Cell activity of A1 and Par2 with inter-areal connections in the presence of both kainate and cholinergic modulation. A, B, Superficial neural responses of A1 and Par2 with synaptic connections between the two areas. C, D, and E, F, L4 and L5 responses, respectively. G, GC between superficial layer LFPs. H, GC between deep layer LFPs.

Figure 8.

Inter-areal and inter-laminar communication reflected in the spike-field coherence. A, B, Spike-field coherence between L2/3 RS cell-spiking activity in A1 and granular layer LFPs in A1 with and without ascending synaptic projection from L4 to L2/3. C, D, Spike-field coherence between L2/3 FS cell-spiking activity in A1 and superficial layer LFPs in Par2 with and without the top-down pathway.

Figure 9.

Cholinergic gating mechanism. A, Spectral power of L2/3 RS cell-spiking activity depending on the connection strengths from FS to RS and from SI to FS cells, respectively. The x-axis shows the connection strength from SI to FS cells. Red, green, and blue lines show the results with 60%, 80%, and 100% connection strength from FS to RS cells, respectively. B, Average spectral power of L4 E cell activity depending on the connection strength from L4 FS to L4 E cells. The numbers in the inset indicate relative strengths of the connection.
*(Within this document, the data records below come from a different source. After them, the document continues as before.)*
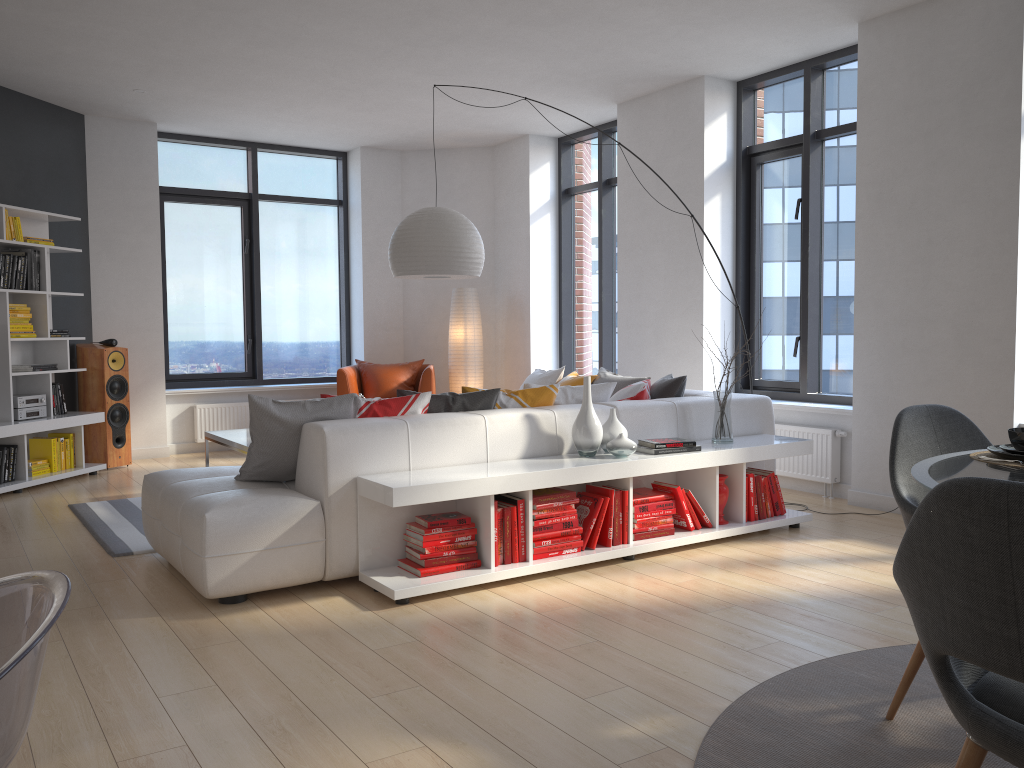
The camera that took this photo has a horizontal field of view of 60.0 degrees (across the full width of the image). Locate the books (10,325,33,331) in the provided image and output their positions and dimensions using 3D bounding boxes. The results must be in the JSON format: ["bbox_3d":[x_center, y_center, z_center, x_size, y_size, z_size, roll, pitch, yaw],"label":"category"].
[{"bbox_3d":[-3.721,-0.414,6.573,0.189,0.042,0.243,0,4,12],"label":"books"}]

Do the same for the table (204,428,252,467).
[{"bbox_3d":[-1.377,0.549,6.006,1.091,0.435,1.091,-3,4,-33],"label":"table"}]

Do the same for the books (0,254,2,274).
[{"bbox_3d":[-3.743,-0.803,6.339,0.192,0.254,0.075,0,4,11],"label":"books"}]

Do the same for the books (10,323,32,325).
[{"bbox_3d":[-3.735,-0.442,6.572,0.189,0.014,0.251,0,4,15],"label":"books"}]

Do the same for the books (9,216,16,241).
[{"bbox_3d":[-3.679,-1.123,6.434,0.132,0.180,0.054,0,4,12],"label":"books"}]

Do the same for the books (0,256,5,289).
[{"bbox_3d":[-3.731,-0.797,6.364,0.179,0.243,0.068,0,4,10],"label":"books"}]

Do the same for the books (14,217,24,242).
[{"bbox_3d":[-3.663,-1.129,6.494,0.141,0.184,0.064,0,4,13],"label":"books"}]

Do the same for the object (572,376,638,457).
[{"bbox_3d":[0.448,0.158,4.440,0.316,0.398,0.319,-1,4,-9],"label":"object"}]

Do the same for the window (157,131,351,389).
[{"bbox_3d":[-2.575,-1.189,8.874,1.960,2.402,0.170,-3,4,-33],"label":"window"}]

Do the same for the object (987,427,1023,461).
[{"bbox_3d":[1.403,0.161,2.347,0.258,0.074,0.258,2,4,37],"label":"object"}]

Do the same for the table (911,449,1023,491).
[{"bbox_3d":[1.667,0.607,1.893,1.499,0.764,1.499,-4,5,-44],"label":"table"}]

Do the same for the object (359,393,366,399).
[{"bbox_3d":[-1.100,0.198,5.984,0.330,0.265,0.330,-1,3,-9],"label":"object"}]

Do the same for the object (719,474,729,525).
[{"bbox_3d":[1.109,0.622,4.794,0.125,0.258,0.125,2,4,34],"label":"object"}]

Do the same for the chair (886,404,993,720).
[{"bbox_3d":[1.378,0.521,2.437,0.655,0.891,0.619,-2,4,-27],"label":"chair"}]

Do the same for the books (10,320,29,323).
[{"bbox_3d":[-3.717,-0.459,6.558,0.145,0.023,0.217,1,4,16],"label":"books"}]

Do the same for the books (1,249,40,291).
[{"bbox_3d":[-3.698,-0.851,6.672,0.259,0.321,0.128,0,4,12],"label":"books"}]

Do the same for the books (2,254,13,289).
[{"bbox_3d":[-3.722,-0.811,6.434,0.197,0.260,0.066,0,4,12],"label":"books"}]

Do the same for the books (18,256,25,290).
[{"bbox_3d":[-3.697,-0.813,6.540,0.191,0.249,0.084,0,4,12],"label":"books"}]

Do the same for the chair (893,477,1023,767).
[{"bbox_3d":[1.007,0.580,1.520,0.619,0.891,0.655,-3,4,-32],"label":"chair"}]

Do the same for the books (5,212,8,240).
[{"bbox_3d":[-3.691,-1.142,6.349,0.161,0.229,0.041,0,4,11],"label":"books"}]

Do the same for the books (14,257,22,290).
[{"bbox_3d":[-3.693,-0.808,6.501,0.179,0.243,0.071,0,4,11],"label":"books"}]

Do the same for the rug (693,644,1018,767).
[{"bbox_3d":[1.662,0.995,1.911,2.499,0.010,2.499,1,4,30],"label":"rug"}]

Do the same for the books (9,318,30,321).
[{"bbox_3d":[-3.732,-0.480,6.572,0.171,0.019,0.239,0,4,12],"label":"books"}]

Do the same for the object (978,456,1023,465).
[{"bbox_3d":[1.401,0.192,2.334,0.309,0.015,0.206,-2,4,-29],"label":"object"}]

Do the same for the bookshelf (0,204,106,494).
[{"bbox_3d":[-3.817,-0.210,5.694,0.455,2.052,3.000,0,4,12],"label":"bookshelf"}]

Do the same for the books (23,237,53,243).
[{"bbox_3d":[-3.664,-1.091,6.732,0.203,0.024,0.257,0,4,15],"label":"books"}]

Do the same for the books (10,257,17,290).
[{"bbox_3d":[-3.690,-0.802,6.450,0.172,0.242,0.069,0,4,13],"label":"books"}]

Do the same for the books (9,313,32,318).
[{"bbox_3d":[-3.728,-0.506,6.580,0.176,0.033,0.239,0,4,15],"label":"books"}]

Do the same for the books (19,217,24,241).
[{"bbox_3d":[-3.666,-1.131,6.518,0.142,0.184,0.044,0,4,13],"label":"books"}]

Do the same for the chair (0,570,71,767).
[{"bbox_3d":[-0.700,0.656,0.954,0.434,0.838,0.475,-3,4,-35],"label":"chair"}]

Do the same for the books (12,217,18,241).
[{"bbox_3d":[-3.668,-1.124,6.452,0.128,0.178,0.044,0,4,12],"label":"books"}]

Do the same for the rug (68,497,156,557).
[{"bbox_3d":[-1.504,0.785,5.790,2.326,0.016,1.662,-3,4,-33],"label":"rug"}]

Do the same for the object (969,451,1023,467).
[{"bbox_3d":[1.410,0.199,2.340,0.360,0.002,0.360,0,3,9],"label":"object"}]

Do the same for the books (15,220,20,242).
[{"bbox_3d":[-3.653,-1.115,6.468,0.108,0.161,0.046,0,4,11],"label":"books"}]

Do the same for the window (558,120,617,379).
[{"bbox_3d":[0.886,-1.180,8.240,0.170,2.402,1.310,-3,4,-33],"label":"window"}]

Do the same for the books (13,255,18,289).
[{"bbox_3d":[-3.711,-0.811,6.478,0.192,0.254,0.075,0,4,11],"label":"books"}]

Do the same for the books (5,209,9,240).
[{"bbox_3d":[-3.705,-1.142,6.375,0.163,0.224,0.041,0,4,10],"label":"books"}]

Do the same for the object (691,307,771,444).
[{"bbox_3d":[1.208,-0.046,4.832,0.406,0.744,0.607,0,3,7],"label":"object"}]

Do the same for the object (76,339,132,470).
[{"bbox_3d":[-3.459,0.164,7.448,0.434,1.088,0.290,1,4,27],"label":"object"}]

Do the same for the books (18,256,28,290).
[{"bbox_3d":[-3.691,-0.820,6.573,0.197,0.260,0.066,0,4,12],"label":"books"}]

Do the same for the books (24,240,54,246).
[{"bbox_3d":[-3.655,-1.065,6.734,0.194,0.028,0.257,1,4,17],"label":"books"}]

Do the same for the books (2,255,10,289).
[{"bbox_3d":[-3.728,-0.804,6.401,0.191,0.249,0.084,0,4,12],"label":"books"}]

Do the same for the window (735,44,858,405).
[{"bbox_3d":[2.146,-1.074,6.317,0.170,2.402,1.310,-3,4,-33],"label":"window"}]

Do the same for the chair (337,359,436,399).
[{"bbox_3d":[-1.164,0.195,8.485,0.896,0.858,0.843,-1,3,-1],"label":"chair"}]

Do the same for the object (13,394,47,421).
[{"bbox_3d":[-3.678,0.173,6.606,0.270,0.174,0.285,0,4,12],"label":"object"}]

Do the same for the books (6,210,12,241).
[{"bbox_3d":[-3.707,-1.144,6.406,0.164,0.224,0.054,0,4,11],"label":"books"}]

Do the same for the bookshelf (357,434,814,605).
[{"bbox_3d":[0.512,0.607,4.437,2.600,0.500,0.356,-3,4,-33],"label":"bookshelf"}]
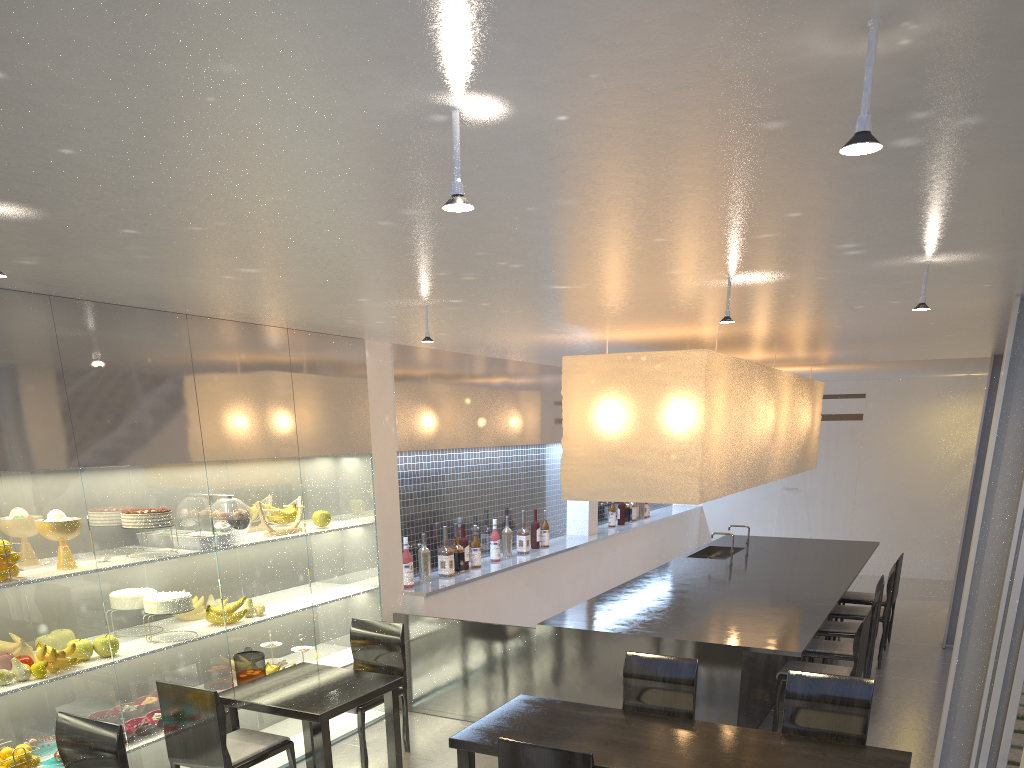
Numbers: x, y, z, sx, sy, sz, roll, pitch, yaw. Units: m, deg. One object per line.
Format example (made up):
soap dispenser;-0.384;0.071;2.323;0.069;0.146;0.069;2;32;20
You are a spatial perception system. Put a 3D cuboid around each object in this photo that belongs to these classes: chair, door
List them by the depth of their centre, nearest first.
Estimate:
chair;-0.917;0.903;1.653;0.188;0.470;0.222;7;15;27
chair;0.114;0.894;1.682;0.188;0.470;0.222;7;15;27
chair;0.695;0.900;1.897;0.188;0.470;0.222;7;15;27
chair;-0.695;0.923;2.058;0.188;0.470;0.222;7;15;27
chair;0.331;0.913;2.076;0.188;0.470;0.222;7;15;27
chair;-0.462;0.943;2.481;0.188;0.470;0.222;7;15;27
chair;0.987;0.936;2.641;0.235;0.470;0.177;6;16;28
chair;1.147;0.949;2.924;0.237;0.470;0.176;5;16;24
chair;1.294;0.963;3.213;0.237;0.470;0.176;5;15;21
chair;1.466;0.976;3.489;0.237;0.470;0.176;5;16;23
door;0.331;0.588;3.564;0.460;1.271;5.348;13;7;41
chair;1.625;0.989;3.772;0.235;0.470;0.177;7;16;28

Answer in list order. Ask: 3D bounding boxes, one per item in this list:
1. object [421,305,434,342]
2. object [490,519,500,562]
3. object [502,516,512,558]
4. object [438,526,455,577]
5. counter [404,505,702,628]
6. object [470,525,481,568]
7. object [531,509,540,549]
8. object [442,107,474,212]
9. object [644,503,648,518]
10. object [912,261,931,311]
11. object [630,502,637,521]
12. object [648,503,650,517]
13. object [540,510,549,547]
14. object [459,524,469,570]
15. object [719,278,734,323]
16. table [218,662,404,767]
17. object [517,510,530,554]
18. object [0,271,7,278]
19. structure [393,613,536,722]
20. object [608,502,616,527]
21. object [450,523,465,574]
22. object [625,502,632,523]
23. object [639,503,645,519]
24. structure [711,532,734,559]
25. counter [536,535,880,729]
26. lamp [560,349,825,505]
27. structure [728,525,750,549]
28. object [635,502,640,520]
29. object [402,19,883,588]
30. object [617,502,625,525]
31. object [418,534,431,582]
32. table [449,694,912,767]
object;-0.192;-0.136;1.855;0.028;0.085;0.027;11;19;37
object;-0.073;0.672;3.535;0.043;0.199;0.040;8;18;27
object;-0.021;0.678;3.645;0.045;0.200;0.041;-5;17;-15
object;-0.711;0.559;2.351;0.046;0.309;1.914;9;3;29
counter;0.436;1.040;4.528;0.228;0.463;3.486;7;1;29
object;-0.709;0.558;2.368;0.057;0.314;2.331;9;3;30
object;0.112;0.686;3.893;0.044;0.207;0.042;5;17;18
object;-0.049;-0.198;0.724;0.028;0.085;0.027;11;19;37
object;0.823;0.740;5.156;0.045;0.218;0.043;-7;17;-20
object;0.708;-0.169;1.412;0.028;0.085;0.027;11;19;37
object;0.729;0.734;5.000;0.045;0.217;0.043;8;18;28
object;0.854;0.751;5.211;0.042;0.199;0.041;12;21;38
object;0.158;0.695;3.946;0.042;0.195;0.038;-1;16;-2
object;-0.694;0.563;2.442;0.065;0.309;2.056;9;2;29
object;0.410;-0.158;1.559;0.028;0.085;0.027;11;19;37
table;-0.538;0.979;2.254;0.355;0.355;0.333;3;9;27
object;0.052;0.674;3.742;0.045;0.217;0.043;8;18;28
object;-0.650;-0.176;1.020;0.028;0.085;0.027;11;19;37
structure;-0.165;0.984;2.821;0.550;0.396;0.011;1;16;25
object;0.575;0.732;4.713;0.042;0.195;0.038;-1;16;-2
object;-0.689;0.561;2.391;0.103;0.309;1.990;9;3;31
object;0.692;0.729;4.925;0.045;0.218;0.042;8;18;26
object;0.802;0.747;5.102;0.045;0.200;0.042;8;18;26
structure;0.992;0.763;3.891;0.111;0.133;0.032;4;16;25
counter;1.021;1.006;3.571;0.806;0.397;2.415;0;-2;29
lamp;0.872;0.179;3.384;0.441;0.450;2.211;4;0;29
structure;1.148;0.777;4.175;0.111;0.133;0.032;4;16;25
object;0.763;0.745;5.062;0.045;0.200;0.041;-5;17;-15
object;-0.105;0.247;1.806;1.658;0.874;1.760;0;1;25
object;0.638;0.728;4.794;0.044;0.207;0.042;5;17;18
object;-0.766;0.557;2.307;0.045;0.309;1.796;9;3;30
table;0.348;0.947;1.820;0.907;0.353;0.333;-1;7;26
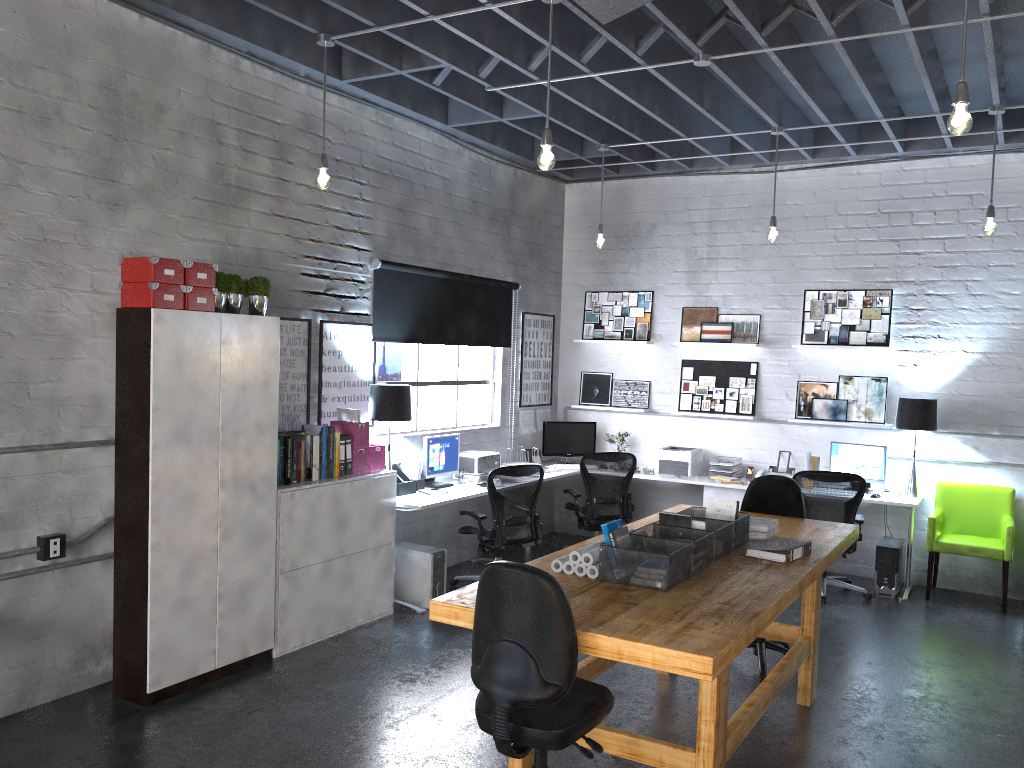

C, D, Mean and SEs of spectral powers of L2/3 RS cell activity depending on the excitability of SI cells and the amount of M-currents in L2/3 SI cells, respectively. As before, 10 simulations are used for their calculations. The x-axes in C and D represent the applied current (I_app) and the amount of M-current, respectively.

Figure 10.

Effect of cholinergic modulation on the sensitivity of L4 E cells in response to synchronous external inputs. A, B, L4 cell activity of A1 in response to 40 Hz synchronous trains of EPSCs to L4 E and FS cells with and without cholinergic modulation, respectively. C, Spiking activity of L4 E cells with and without cholinergic modulation. D, Power spectra of L4 LFPs.